◆ STUDY MATERIAL ◆
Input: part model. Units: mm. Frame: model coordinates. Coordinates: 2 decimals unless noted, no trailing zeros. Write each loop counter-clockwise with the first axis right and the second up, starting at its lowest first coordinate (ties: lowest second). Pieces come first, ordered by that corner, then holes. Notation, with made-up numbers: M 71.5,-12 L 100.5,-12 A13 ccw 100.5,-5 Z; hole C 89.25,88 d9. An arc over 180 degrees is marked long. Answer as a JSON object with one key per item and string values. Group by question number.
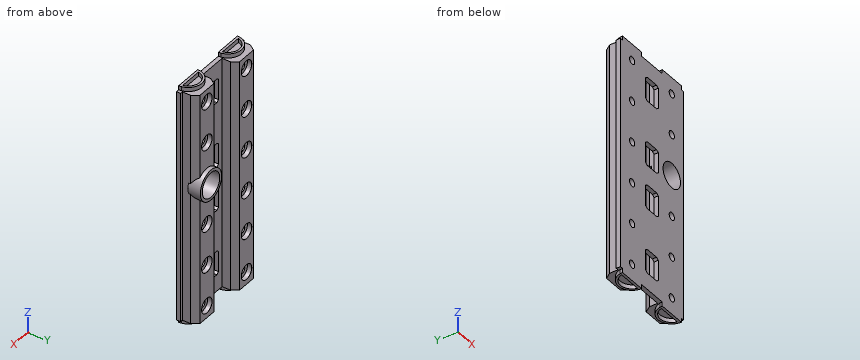
from build123d import *

# Parameters (mm, degrees)
BOSS_EXTRUDE1_DEPTH                         = 280
BOSS_EXTRUDE3_DEPTH                         = 5
MIRROR2_COPY_1_DEPTH                        = 5
CBORE_SLOT_FOR_M8_HEX_HEAD_BOLT1_AT_2_COUNT = 2
CBORE_SLOT_FOR_M8_HEX_HEAD_BOLT1_AT_2_PITCH = 50
CBORE_SLOT_FOR_M8_HEX_HEAD_BOLT1_AT_3_COUNT = 2
CBORE_SLOT_FOR_M8_HEX_HEAD_BOLT1_AT_3_PITCH = 100
CBORE_SLOT_FOR_M8_HEX_HEAD_BOLT1_AT_4_COUNT = 2
CBORE_SLOT_FOR_M8_HEX_HEAD_BOLT1_AT_4_PITCH = 150
CBORE_SLOT_FOR_M8_HEX_HEAD_BOLT1_AT_5_COUNT = 2
CBORE_SLOT_FOR_M8_HEX_HEAD_BOLT1_AT_5_PITCH = 200
CBORE_SLOT_FOR_M8_HEX_HEAD_BOLT1_AT_6_COUNT = 2
CBORE_SLOT_FOR_M8_HEX_HEAD_BOLT1_AT_6_PITCH = 250
BOSS_EXTRUDE4_DEPTH                         = 5
BOSS_EXTRUDE4_DEPTH_BACK                    = 10
SKETCH12_R                                  = 18.373536693
SKETCH14_R                                  = 15
CUT_EXTRUDE1_DEPTH                          = 28
CUT_EXTRUDE2_DEPTH                          = 294.662080045


with BuildPart() as part:
    # Sketch4 → Boss-Extrude1 (new body)
    with BuildSketch(Plane.XY):
        Polygon((-41.702855028, 2.5), (-38.702855028, 2.5), (-38.702855028, 12.5), (-33.495143371, 20), (-9.495143371, 20), (-4.287431713, 12.5), (-4.287431713, 2.5), (-1.287431713, 2.5), (26.712568287, 2.5), (29.712568287, 2.5), (29.712568287, 12.5), (34.920279944, 20), (58.920279944, 20), (64.127991602, 12.5), (64.127991602, 2.5), (67.127991602, 2.5), (67.127991602, -2.5), (26.712568287, -2.5), (-1.287431713, -2.5), (-41.702855028, -2.5), align=None)
    extrude(amount=-BOSS_EXTRUDE1_DEPTH)

    # Sketch5 → Boss-Extrude3 (add)
    with BuildSketch(Plane.XY):
        with BuildLine():
            ThreePointArc((-5.267870643, 0.487577586), (-21.495143371, 14), (-37.722416098, 0.487577586))
            Line((-37.722416098, 0.487577586), (-35.17265704, 0.487577586))
            ThreePointArc((-35.17265704, 0.487577586), (-21.495143371, 11.5), (-7.817629702, 0.487577586))
            Line((-7.817629702, 0.487577586), (-5.267870643, 0.487577586))
        make_face()
        Polygon((-37.722416098, 0.487577586), (-37.995143371, -2.5), (-4.995143371, -2.5), (-5.267870643, 0.487577586), (-7.817629702, 0.487577586), (-35.17265704, 0.487577586), align=None)
    boss_extrude3 = extrude(amount=BOSS_EXTRUDE3_DEPTH)

    # Mirror1: Boss-Extrude3 across plane
    add(boss_extrude3.mirror(Plane.ZY.offset(-12.712568287)))

    # Mirror2: Boss-Extrude3 across plane
    add(boss_extrude3.mirror(Plane.XY.offset(-140)))

    # Mirror2 copy 1 sketch → Mirror2 copy 1 (add)
    with BuildSketch(Plane(origin=(25.425136574, 0, -280), x_dir=(-1, 0, 0), z_dir=(0, 0, -1))):
        with BuildLine():
            ThreePointArc((-5.267870643, 0.487577586), (-21.495143371, 14), (-37.722416098, 0.487577586))
            Line((-37.722416098, 0.487577586), (-35.17265704, 0.487577586))
            ThreePointArc((-35.17265704, 0.487577586), (-21.495143371, 11.5), (-7.817629702, 0.487577586))
            Line((-7.817629702, 0.487577586), (-5.267870643, 0.487577586))
        make_face()
        Polygon((-37.722416098, 0.487577586), (-37.995143371, -2.5), (-4.995143371, -2.5), (-5.267870643, 0.487577586), (-7.817629702, 0.487577586), (-35.17265704, 0.487577586), align=None)
    extrude(amount=MIRROR2_COPY_1_DEPTH)

    # Sketch10 → CBORE SLOT for M8 Hex Head Bolt1 (revolve, cut)
    with BuildSketch(Plane(origin=(46.920279944, 20, -265), x_dir=(0, 0, 1), z_dir=(1, 0, 0))):
        Polygon((0, 0), (0, 34.543872786), (4.5, 31.84), (4.5, 5.3), (9.0055, 5.3), (9.0055, 0.025), (9.0305, 0), align=None)
    cbore_slot_for_m8_hex_head_bolt1 = revolve(axis=Axis((46.920279944, 26.35, -265), (0, -1, 0)), mode=Mode.SUBTRACT)

    # CBORE SLOT for M8 Hex Head Bolt1 at 2: CBORE SLOT for M8 Hex Head Bolt1 ×2
    with Locations(*[(0, 0, i * CBORE_SLOT_FOR_M8_HEX_HEAD_BOLT1_AT_2_PITCH) for i in range(1, CBORE_SLOT_FOR_M8_HEX_HEAD_BOLT1_AT_2_COUNT)]):
        add(cbore_slot_for_m8_hex_head_bolt1, mode=Mode.SUBTRACT)

    # CBORE SLOT for M8 Hex Head Bolt1 at 3: CBORE SLOT for M8 Hex Head Bolt1 ×2
    with Locations(*[(0, 0, i * CBORE_SLOT_FOR_M8_HEX_HEAD_BOLT1_AT_3_PITCH) for i in range(1, CBORE_SLOT_FOR_M8_HEX_HEAD_BOLT1_AT_3_COUNT)]):
        add(cbore_slot_for_m8_hex_head_bolt1, mode=Mode.SUBTRACT)

    # CBORE SLOT for M8 Hex Head Bolt1 at 4: CBORE SLOT for M8 Hex Head Bolt1 ×2
    with Locations(*[(0, 0, i * CBORE_SLOT_FOR_M8_HEX_HEAD_BOLT1_AT_4_PITCH) for i in range(1, CBORE_SLOT_FOR_M8_HEX_HEAD_BOLT1_AT_4_COUNT)]):
        add(cbore_slot_for_m8_hex_head_bolt1, mode=Mode.SUBTRACT)

    # CBORE SLOT for M8 Hex Head Bolt1 at 5: CBORE SLOT for M8 Hex Head Bolt1 ×2
    with Locations(*[(0, 0, i * CBORE_SLOT_FOR_M8_HEX_HEAD_BOLT1_AT_5_PITCH) for i in range(1, CBORE_SLOT_FOR_M8_HEX_HEAD_BOLT1_AT_5_COUNT)]):
        add(cbore_slot_for_m8_hex_head_bolt1, mode=Mode.SUBTRACT)

    # CBORE SLOT for M8 Hex Head Bolt1 at 6: CBORE SLOT for M8 Hex Head Bolt1 ×2
    with Locations(*[(0, 0, i * CBORE_SLOT_FOR_M8_HEX_HEAD_BOLT1_AT_6_PITCH) for i in range(1, CBORE_SLOT_FOR_M8_HEX_HEAD_BOLT1_AT_6_COUNT)]):
        add(cbore_slot_for_m8_hex_head_bolt1, mode=Mode.SUBTRACT)

    # Mirror3: CBORE SLOT for M8 Hex Head Bolt1 across plane
    add(cbore_slot_for_m8_hex_head_bolt1.mirror(Plane.ZY.offset(-12.712568287)), mode=Mode.SUBTRACT)

    # Mirror3 copy 1 sketch → Mirror3 copy 1 (revolve, cut)
    with BuildSketch(Plane(origin=(-21.495143371, 20, -215), x_dir=(0, 0, 1), z_dir=(-1, 0, 0))):
        Polygon((0, 0), (0, -34.543872786), (4.5, -31.84), (4.5, -5.3), (9.0055, -5.3), (9.0055, -0.025), (9.0305, 0), align=None)
    revolve(axis=Axis((-21.495143371, 26.35, -215), (0, 1, 0)), mode=Mode.SUBTRACT)

    # Mirror3 copy 2 sketch → Mirror3 copy 2 (revolve, cut)
    with BuildSketch(Plane(origin=(-21.495143371, 20, -165), x_dir=(0, 0, 1), z_dir=(-1, 0, 0))):
        Polygon((0, 0), (0, -34.543872786), (4.5, -31.84), (4.5, -5.3), (9.0055, -5.3), (9.0055, -0.025), (9.0305, 0), align=None)
    revolve(axis=Axis((-21.495143371, 26.35, -165), (0, 1, 0)), mode=Mode.SUBTRACT)

    # Mirror3 copy 3 sketch → Mirror3 copy 3 (revolve, cut)
    with BuildSketch(Plane(origin=(-21.495143371, 20, -115), x_dir=(0, 0, 1), z_dir=(-1, 0, 0))):
        Polygon((0, 0), (0, -34.543872786), (4.5, -31.84), (4.5, -5.3), (9.0055, -5.3), (9.0055, -0.025), (9.0305, 0), align=None)
    revolve(axis=Axis((-21.495143371, 26.35, -115), (0, 1, 0)), mode=Mode.SUBTRACT)

    # Mirror3 copy 4 sketch → Mirror3 copy 4 (revolve, cut)
    with BuildSketch(Plane(origin=(-21.495143371, 20, -65), x_dir=(0, 0, 1), z_dir=(-1, 0, 0))):
        Polygon((0, 0), (0, -34.543872786), (4.5, -31.84), (4.5, -5.3), (9.0055, -5.3), (9.0055, -0.025), (9.0305, 0), align=None)
    revolve(axis=Axis((-21.495143371, 26.35, -65), (0, 1, 0)), mode=Mode.SUBTRACT)

    # Mirror3 copy 5 sketch → Mirror3 copy 5 (revolve, cut)
    with BuildSketch(Plane(origin=(-21.495143371, 20, -15), x_dir=(0, 0, 1), z_dir=(-1, 0, 0))):
        Polygon((0, 0), (0, -34.543872786), (4.5, -31.84), (4.5, -5.3), (9.0055, -5.3), (9.0055, -0.025), (9.0305, 0), align=None)
    revolve(axis=Axis((-21.495143371, 26.35, -15), (0, 1, 0)), mode=Mode.SUBTRACT)

    # Sketch12 → Boss-Extrude4 (add, two sides: drawn at the far end of the back side and taken through both)
    with BuildSketch(Plane(origin=(0, 20, 0), x_dir=(1, 0, 0), z_dir=(0, 1, 0)).offset(-BOSS_EXTRUDE4_DEPTH_BACK)):
        with Locations(Location((46.920279944, 115, 0), (0, 0, 270))):
            Circle(SKETCH12_R)
    extrude(amount=BOSS_EXTRUDE4_DEPTH + BOSS_EXTRUDE4_DEPTH_BACK)

    # Sketch14 → Cut-Extrude1 (cut)
    with BuildSketch(Plane(origin=(0, 25, 0), x_dir=(1, 0, 0), z_dir=(0, 1, 0))):
        with Locations(Location((46.920279944, 115, 0), (0, 0, 270))):
            Circle(SKETCH14_R)
    extrude(amount=-CUT_EXTRUDE1_DEPTH, mode=Mode.SUBTRACT)

    # Sketch16 → Cut-Extrude2 (cut, through all)
    with BuildSketch(Plane(origin=(0, 2.5, 0), x_dir=(1, 0, 0), z_dir=(0, 1, 0))):
        Polygon((20.712568287, 20), (4.712568287, 20), (1.802568287, 22), (1.802568287, 47), (4.712568287, 49), (20.712568287, 49), (23.622568287, 47), (23.622568287, 22), align=None)
        Polygon((23.622568287, 101), (20.712568287, 99), (4.712568287, 99), (1.802568287, 101), (1.802568287, 126), (4.712568287, 128), (20.712568287, 128), (23.622568287, 126), align=None)
    cut_extrude2 = extrude(amount=-CUT_EXTRUDE2_DEPTH, mode=Mode.SUBTRACT)

    # Mirror4: Cut-Extrude2 across plane
    add(cut_extrude2.mirror(Plane.XY.offset(-140)), mode=Mode.SUBTRACT)


solid = part.part
Q1. Section B-B, the plane z = -115. State how many separate pieces and enclosed holes the cut face has, and give its area (3 significant figures).
Q2. Pin query (flat end, axial travel): pin 1 Ø5.5 at (x, z) = (47.5, -213) entering from +Y; pin 2 Ø2.5 at (x, y) = (9.5, 0.5) entering from +Z; pin 3 Ø12 at (y, z) = (14, -49.5) entering from +X. Return the tip coordinate at first contact, or that it passes through.
Q3. Section A-A, the plane z = -243. Return the cut outline in (x, y), and give its area (3 significant figures).
Q4. Line query: line 1 (X direction, y = 10.75, z = -65); line 2 (Z direction, x = 5, y = -1); line 3 (X direction, y = 9, z = -181.5). Output: solid intervals per line, ascending. Write a range as from..to.
Filled in:
{
 "1": {"separate pieces": "4", "enclosed holes": "0", "area": "732 mm^2"},
 "2": {"pin 1": "y = 14.7", "pin 2": "z = 0", "pin 3": "x = 64.13"},
 "3": {"outline": "M -41.7,-2.5 L 1.8,-2.5 L 1.8,2.5 L -4.29,2.5 L -4.29,12.5 L -9.5,20 L -33.5,20 L -38.7,12.5 L -38.7,2.5 L -41.7,2.5 Z; M 23.62,-2.5 L 67.13,-2.5 L 67.13,2.5 L 64.13,2.5 L 64.13,12.5 L 58.92,20 L 34.92,20 L 29.71,12.5 L 29.71,2.5 L 23.62,2.5 Z", "area": "1,560 mm^2"},
 "4": {"line 1": "-38.7..-26, -17..-4.29, 29.71..42.42, 51.42..64.13", "line 2": "-280..-260, -231..-181, -152..-128, -99..-49, -20..0", "line 3": "-38.7..-4.29, 29.71..64.13"}
}

◆ WHAT THE TASK ASKS ◆
The answer must be every line of the data that holds the word "give".

◆ PROBLEM SOLUTION ◆
Q1. Section B-B, the plane z = -115. State how many separate pieces and enclosed holes the cut face has, and give its area (3 significant figures).
Q3. Section A-A, the plane z = -243. Return the cut outline in (x, y), and give its area (3 significant figures).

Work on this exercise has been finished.